[Dataset entries]
####################

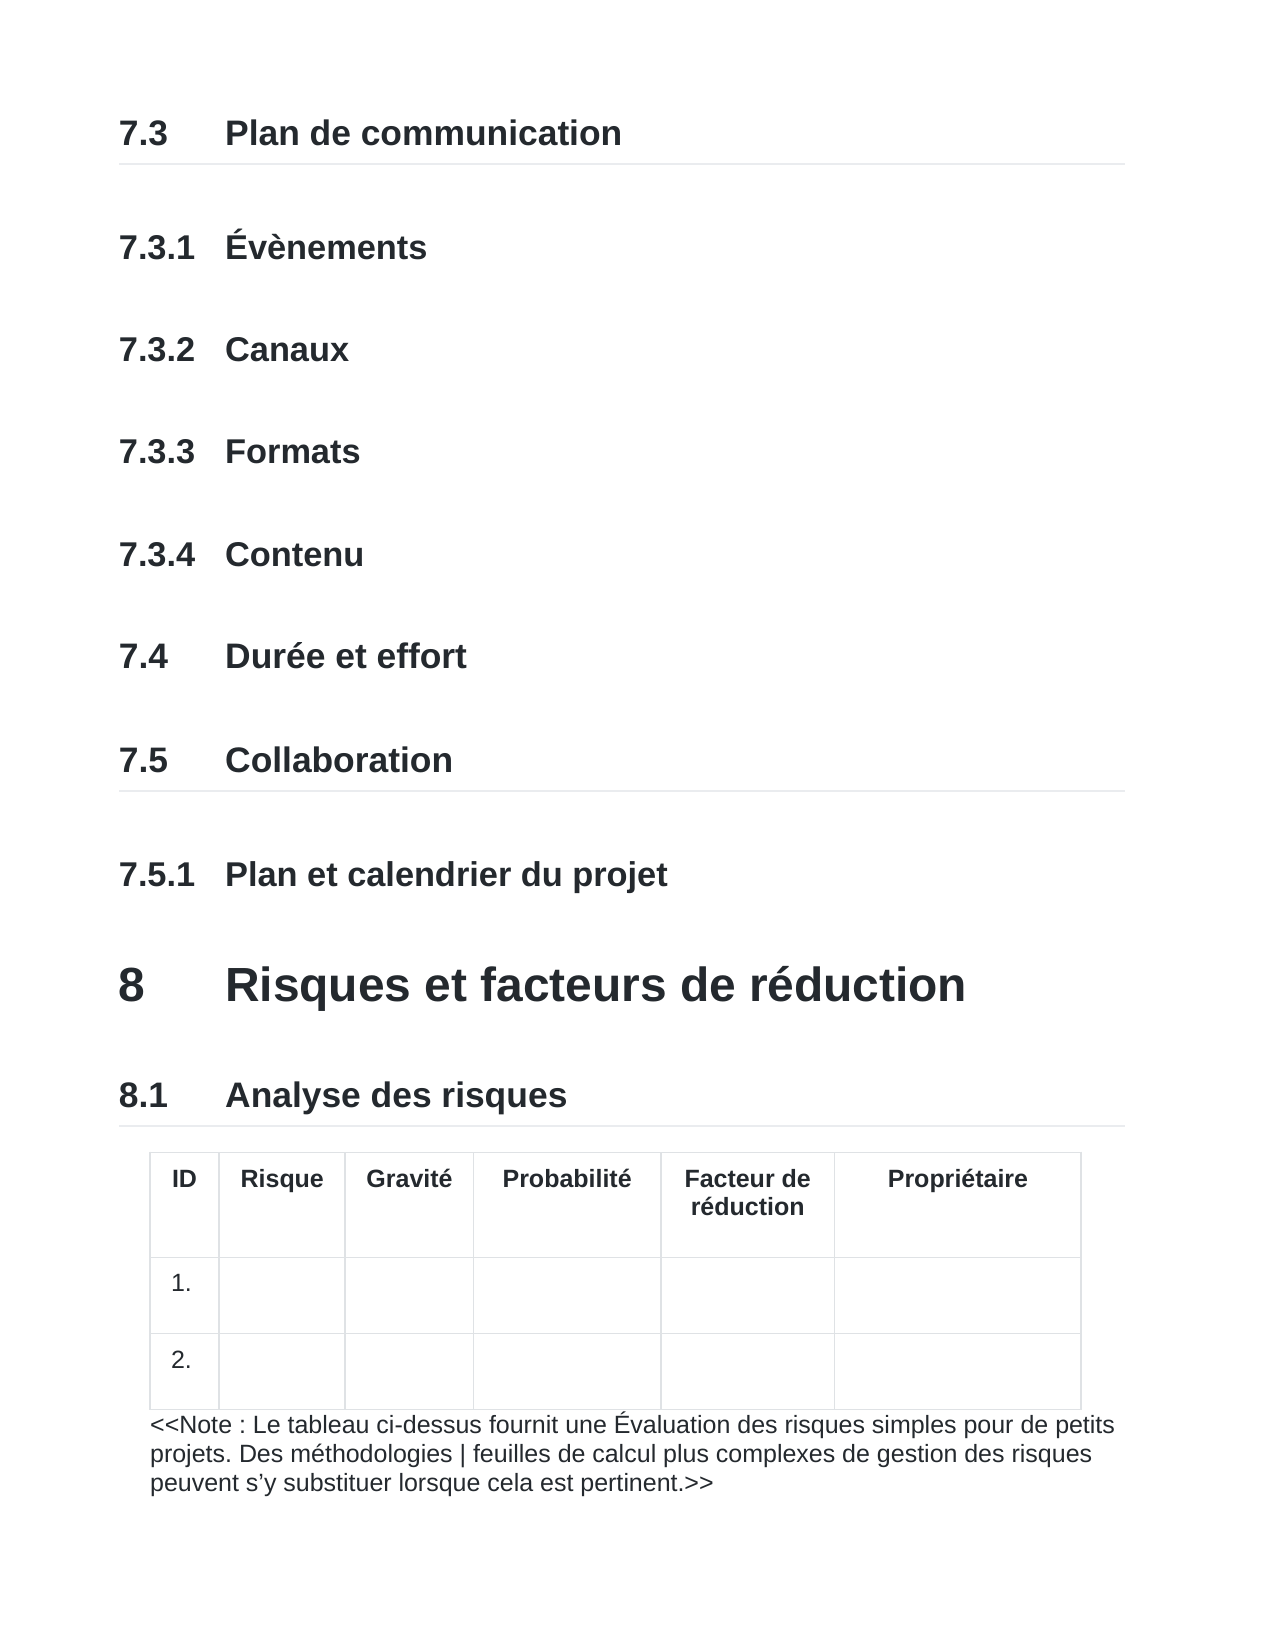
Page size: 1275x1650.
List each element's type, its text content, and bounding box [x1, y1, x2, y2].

subtitle Plan de communication [119, 112, 1125, 163]
subtitle Plan et calendrier du projet [119, 854, 1125, 894]
table_cell [662, 1258, 834, 1333]
table_header Propriétaire [835, 1153, 1080, 1256]
table_header Risque [220, 1153, 344, 1256]
subtitle Canaux [119, 329, 1125, 369]
table_cell [662, 1334, 834, 1409]
table_cell 1. [151, 1258, 218, 1333]
table_cell [346, 1258, 473, 1333]
table_cell 2. [151, 1334, 218, 1409]
table_header Facteur de réduction [662, 1153, 834, 1256]
subtitle Risques et facteurs de réduction [119, 956, 1125, 1011]
subtitle Contenu [119, 534, 1125, 573]
subtitle Durée et effort [119, 636, 1125, 676]
subtitle Évènements [119, 227, 1125, 267]
subtitle Collaboration [119, 739, 1125, 790]
table_cell [220, 1334, 344, 1409]
subtitle Formats [119, 432, 1125, 471]
table_header Gravité [346, 1153, 473, 1256]
subtitle Analyse des risques [119, 1074, 1125, 1125]
table_cell [835, 1334, 1080, 1409]
table_cell [474, 1258, 660, 1333]
text <<Note : Le tableau ci-dessus fournit une Évaluation des risques simples pour de petits projets. Des méthodologies | feuilles de calcul plus complexes de gestion des risques peuvent s’y substituer lorsque cela est pertinent.>> [150, 1410, 1125, 1497]
table_cell [474, 1334, 660, 1409]
table_cell [835, 1258, 1080, 1333]
table_header ID [151, 1153, 218, 1256]
table_cell [346, 1334, 473, 1409]
table_cell [220, 1258, 344, 1333]
table_header Probabilité [474, 1153, 660, 1256]
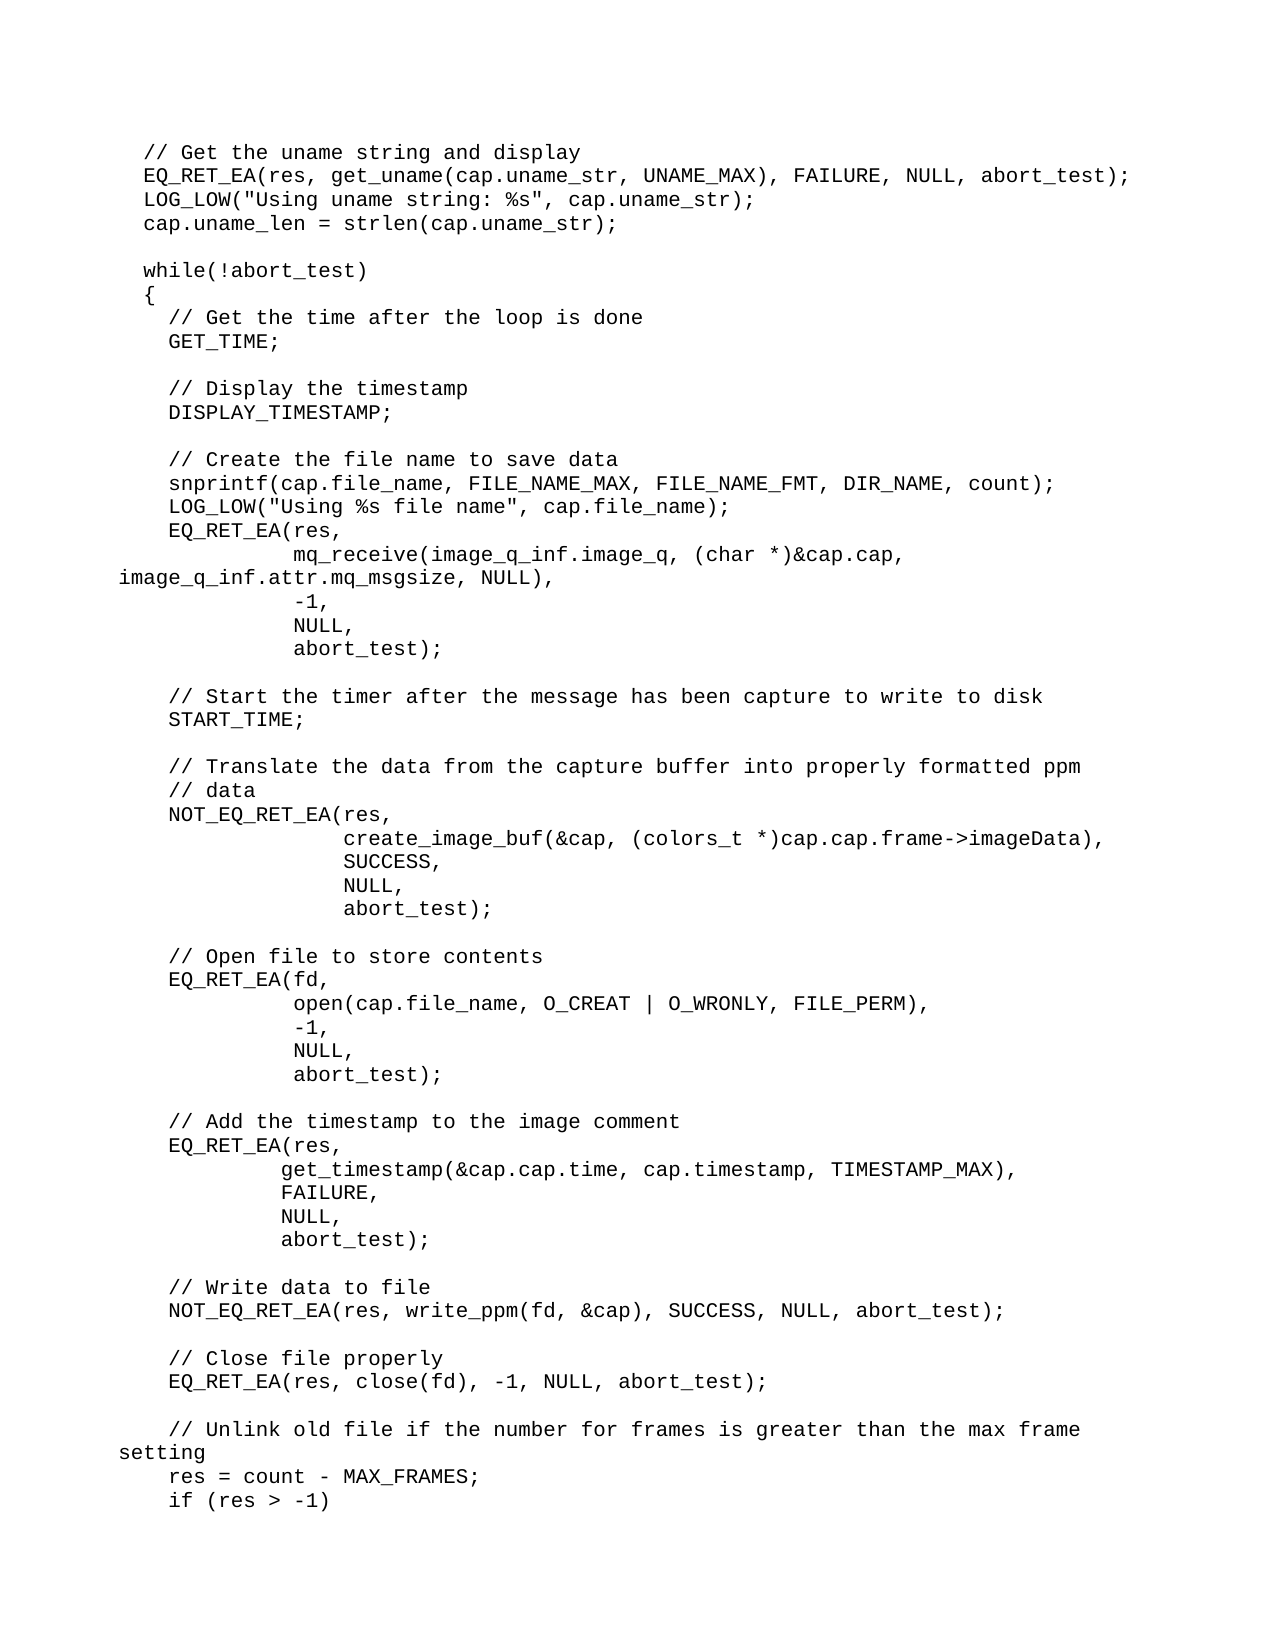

####################

• _Task goal_
In the copy, include exactly the lines from the one with "table_header ID [151, 1153, 218, 1256]" through the final line of the data, both ends included, and no pictures.

• _Task answer_
table_header ID [151, 1153, 218, 1256]
table_cell [346, 1334, 473, 1409]
table_cell [220, 1258, 344, 1333]
table_header Probabilité [474, 1153, 660, 1256]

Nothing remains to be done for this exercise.